I was going to mention the base HTMLParser that's built in Python, since I'm not sure what the end-result your trying to get to is, it may or may not get you there, you'll work with the handlers primarily
You can use a mix of regex, BeautifulSoup or Tidy (I prefer BeautifulSoup). The idea is simple - strip all the HTML tags first.

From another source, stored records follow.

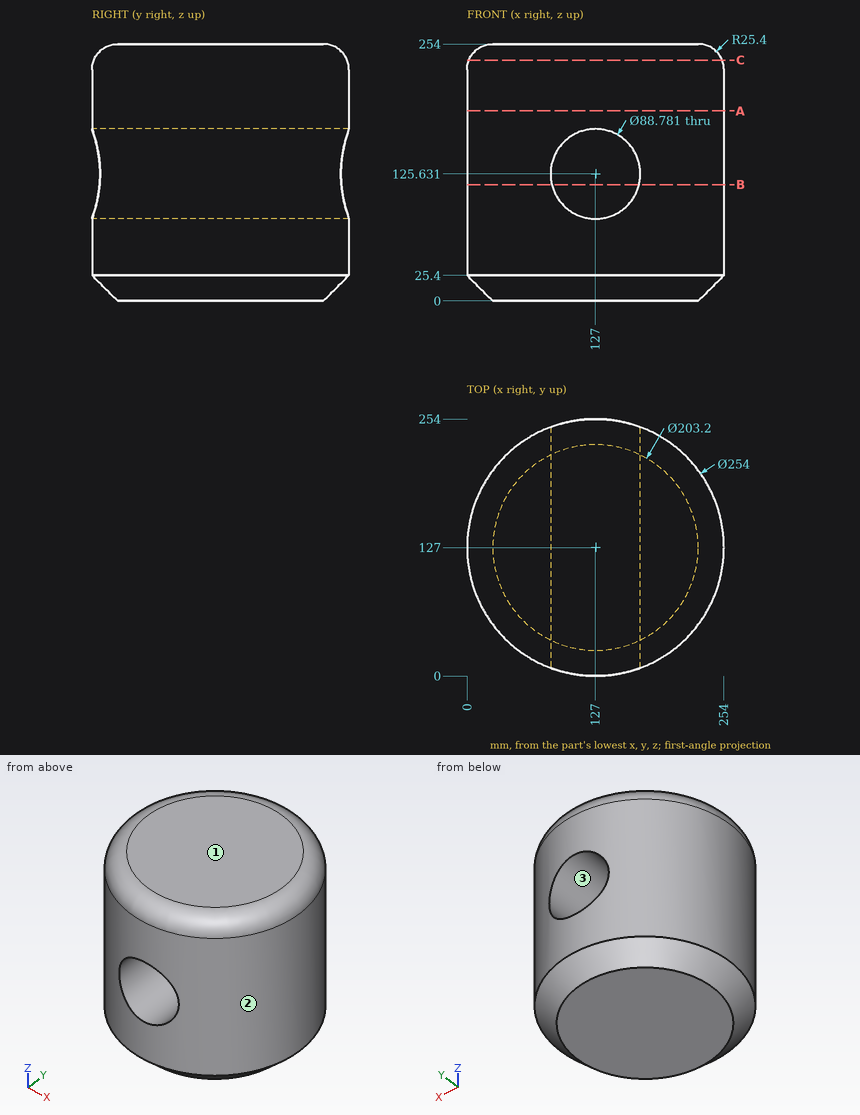
Verification items for this drawing (mm, ordinates from the low corner). Coordinates: 2 decimals unless noted, no trailing zeros. Order: outer loops, then holes, each group sorted by start corner. A loop starts at its lowest first (then second) coordinate and runs counter-clockwise, first axis right, second up. Notation, with made-up numbers: M 37.25,72 L 95.25,72 A18 ccw 95.25,90 Z; hole C 13,-26 d8. An arc over 180 degrees is marked long. One line per item, written item: value. Start each with the question number.
Item 1: Mould release check, pull along X, two halves, no side actions. Record for the marked faces 1, 2 and 3: pulls with the +X half, pulls with the -X half, needs draft (parallel to the pull), parting line crosses it, or undercut.
Item 2: Sectioned sample at A-A on z = 188. Record the cut outline in (x, y), then the cut area to 3 significant figures.
Item 3: Sectioned sample at C-C on z = 238. Record the cut outline in (x, y).
Item 4: Thickness scan on probe 1 along Z at (x, y) = (127, 144); probe 2 along Z at (x, y) = (134.5, 58); probe 3 along X at (y, z) = (119, 145). Record the ranges inside material, lowest first.
Item 5: Depth check by flat-ended pin: P1, Ø8, axis at y = 175, z = 201.5, coming from the +X side (1 decimal); P2, Ø6, axis at x = 107, z = 225.5, coming from the -Y side; P3, Ø2, axis at x = 160, z = 204.5, coming from the -Y side. Enter the tip coordinate at first touch or a pass-through.
Item 6: Sectioned sample at B-B on z = 115. Record the cut outline in (x, y).
Calculated:
1. face 1: needs draft
1. face 2: parting line crosses it
1. face 3: undercut
2. outline: C 127,127 d254
2. area: 50,700 mm^2
3. outline: C 127,127 d250.39
4. probe 1: 0 to 81.24, 170.02 to 254
4. probe 2: 0 to 81.88, 169.38 to 254
4. probe 3: 0.25 to 87.06, 166.94 to 253.75
5. P1: x = 246.1
5. P2: y = 1.14
5. P3: y = 4.1
6. outline: M 83.9,7.54 L 83.9,246.46 A127 ccw Z; M 170.1,7.54 A127 ccw 170.1,246.46 Z
```python
from build123d import *

# Parameters (mm, degrees)
SKETCH_W      = 16
SKETCH_H      = 6
SKETCH_W_2    = 6.05
SKETCH_H_2    = 3.05
PAD_DEPTH     = 2.05
SKETCH001_W   = 16
SKETCH001_H   = 6
PAD001_DEPTH  = 1.45
SKETCH002_W   = 16
SKETCH002_H   = 160
SKETCH002_W_2 = 6.05
SKETCH002_H_2 = 3.05
PAD002_DEPTH  = 4
SKETCH003_R   = 1.7
HOLE_DEPTH    = 25
SKETCH004_R   = 2
POCKET_DEPTH  = 1


with BuildPart() as part:
    # Sketch → Pad (new body)
    with BuildSketch(Plane.XY):
        Rectangle(SKETCH_W, SKETCH_H)
        with Locations((3.675, -0.475)):
            Rectangle(SKETCH_W_2, SKETCH_H_2, mode=Mode.SUBTRACT)
        with Locations((-3.675, -0.475)):
            Rectangle(SKETCH_W_2, SKETCH_H_2, mode=Mode.SUBTRACT)
    extrude(amount=PAD_DEPTH)

    # Sketch001 (on Face14 of Pad) → Pad001 (join)
    with BuildSketch(Plane.XY.offset(2.05)):
        Rectangle(SKETCH001_W, SKETCH001_H)
    extrude(amount=PAD001_DEPTH)

    # Sketch002 (on Face1 of Pad001) → Pad002 (join)
    with BuildSketch(Plane(origin=(0, 0, 0), x_dir=(1, 0, 0), z_dir=(0, 0, -1))):
        with Locations((0, -77)):
            Rectangle(SKETCH002_W, SKETCH002_H)
        with Locations((-3.675, 0.475)):
            Rectangle(SKETCH002_W_2, SKETCH002_H_2, mode=Mode.SUBTRACT)
        with Locations((3.675, 0.475)):
            Rectangle(SKETCH002_W_2, SKETCH002_H_2, mode=Mode.SUBTRACT)
    extrude(amount=PAD002_DEPTH)

    # Sketch003 (on Face3 of Pad002) → Hole (cut)
    with BuildSketch(Plane.XY):
        with Locations((4, 97)):
            Circle(SKETCH003_R)
        with Locations((-4, 97)):
            Circle(SKETCH003_R)
        with Locations((4, 17)):
            Circle(SKETCH003_R)
        with Locations((-4, 17)):
            Circle(SKETCH003_R)
        with Locations((4, 57)):
            Circle(SKETCH003_R)
        with Locations((-4, 57)):
            Circle(SKETCH003_R)
        with Locations((-4, 137)):
            Circle(SKETCH003_R)
        with Locations((4, 137)):
            Circle(SKETCH003_R)
    extrude(amount=-HOLE_DEPTH, mode=Mode.SUBTRACT)

    # Sketch004 (on Face3 of Hole) → Pocket (cut)
    with BuildSketch(Plane.XZ.offset(3)):
        with Locations((-3.675, -0.975)):
            Circle(SKETCH004_R)
        with Locations((3.675, -0.975)):
            Circle(SKETCH004_R)
    extrude(amount=-POCKET_DEPTH, mode=Mode.SUBTRACT)


solid = part.part
```
For this review, take the finished solid that the model builds, in its own axes (mm). A direction names the side the tool comes from. Coordinates: 2 decimals unless noted, no trailing zeros. Order: outer loops, then holes, each group sorted by start corner. A loop starts at its lowest first (then second) coordinate and runs counter-clockwise, first axis right, second up. Notation, with made-up numbers: (-21, -9) - (-14, -9) arc R15 ccw to (-14, 8) - close; hole circle Ø7 at (85.25, -11.75). An arc over 180 degrees is marked (long way). Answer as a JSON object with one key per item and string values. Group by question number.
1. We need section A-A on y = 137. State the section outline as (x, z) points, then the cut area to 3 significant figures.
2. We need section B-B on x = 4.25. Give the number of separate pieces and of enclosed holes in the cut face, then the cut area to 3 significant figures.
3. Clearance check with flat-ended pins moving along their axes: P1, Ø5, axis at x = 3.5, y = 125, coming from the +Z side; P2, Ø1.5, axis at x = 4.5, y = -0.5, coming from the -Z side; P3, Ø3, axis at x = -0.5, z = 2, coming from the +Y side. State where each tip first meets the part, or that it passes through.
4. For faces 4 (the cylindrical face through (4.914, 58.433, -1.972)), 5 (the flat face through (-4, 1.05, -1)), 6 (the flat face through (0, 79, 0)), list the 3-axis set-ups (+Z, -Z, +X, -X, +Y, -Y) from which the entire face can be reached by the end or side of a thin tool; tool diameter is ignored.
5. We need section C-C on y = 13. State the section outline as (x, z) points, then the cut area to 3 significant figures.
6. For probe 1 along X at (y, z) = (137, -0.9); probe 2 along Y at (x, z) = (4, -2.9); probe 3 along Y at (x, z) = (-1.5, -1.25), list the stretches that pass through material, from the lowest coordinate up.
7. The part is to be moulded in two halves that separate along Z. For faces 1 (the cylindrical face through (-2.43, 16.35, -1.97)), 2 (the flat face through (0, 0, 3.5)), 3 (the cylindrical face through (5.58, -2.51, -0.37)), say which applies: pulls with the +Z half, pulls with the -Z half, needs draft (parallel to the pull), parting line crosses it, or undercut.
Final values:
{
 "1": {"outline": "(-8, -4) - (-5.7, -4) - (-5.7, 0) - (-8, 0) - close; (-2.3, -4) - (2.3, -4) - (2.3, 0) - (-2.3, 0) - close; (5.7, -4) - (8, -4) - (8, 0) - (5.7, 0) - close", "area": "36.8 mm²"},
 "2": {"separate pieces": "6", "enclosed holes": "0", "area": "585 mm²"},
 "3": {"P1": "z = 0", "P2": "z = 2.05", "P3": "y = 3"},
 "4": {"face 4": "+Z, -Z", "face 5": "-Z", "face 6": "+Z, +X, -X, +Y"},
 "5": {"outline": "(-8, -4) - (8, -4) - (8, 0) - (-8, 0) - close", "area": "64.0 mm²"},
 "6": {"probe 1": "-8 to -5.7, -2.3 to 2.3, 5.7 to 8", "probe 2": "1.05 to 15.3, 18.7 to 55.3, 58.7 to 95.3, 98.7 to 135.3, 138.7 to 157", "probe 3": "-3 to -2, 1.05 to 157"},
 "7": {"face 1": "needs draft", "face 2": "pulls with the +Z half", "face 3": "undercut"}
}

Find the nth word (n=7 here), find the number of times the nth word appears in the string till n words - coz u are looking only for the last occurrence to be used for truncation.
Here is a piece of code, though a bit messy but works
import re
from BeautifulSoup import BeautifulSoup
import tidy
def remove_html_tags(data):
p = re.compile(r'<.*?>')
return p.sub('', data)
input_string='<p>This is some text with a <a href="http://www.example.com/" '\
'title="Example link">bit of linked text in it</a></p>'
s=remove_html_tags(input_string).split(' ')[:7]
###required to ensure that only the last occurrence of the nth word is
# taken into account for truncating.
# coz if the nth word could be 'a'/'and'/'is'....etc
# which may occur multiple times within n words
temp=input_string
k=s.count(s[-1])
i=1
j=0
while i<=k:
j+=temp.find(s[-1])
temp=temp[j+len(s[-1]):]
i+=1
####
output_string=input_string[:j+len(s[-1])]
print "\nBeautifulSoup\n", BeautifulSoup(output_string)
print "\nTidy\n", tidy.parseString(output_string)
The output is what u want
BeautifulSoup
<p>This is some text with a <a href="http://www.example.com/" title="Example link">bit</a></p>
Tidy
<!DOCTYPE html PUBLIC "-//W3C//DTD HTML 3.2//EN">
<html>
<head>
<meta name="generator" content=
"HTML Tidy for Linux/x86 (vers 6 November 2007), see www.w3.org">
<title></title>
</head>
<body>
<p>This is some text with a <a href="http://www.example.com/"
title="Example link">bit</a></p>
</body>
</html>
Hope this helps
Edit: A better regex
`p = re.compile(r'<[^<]*?>')`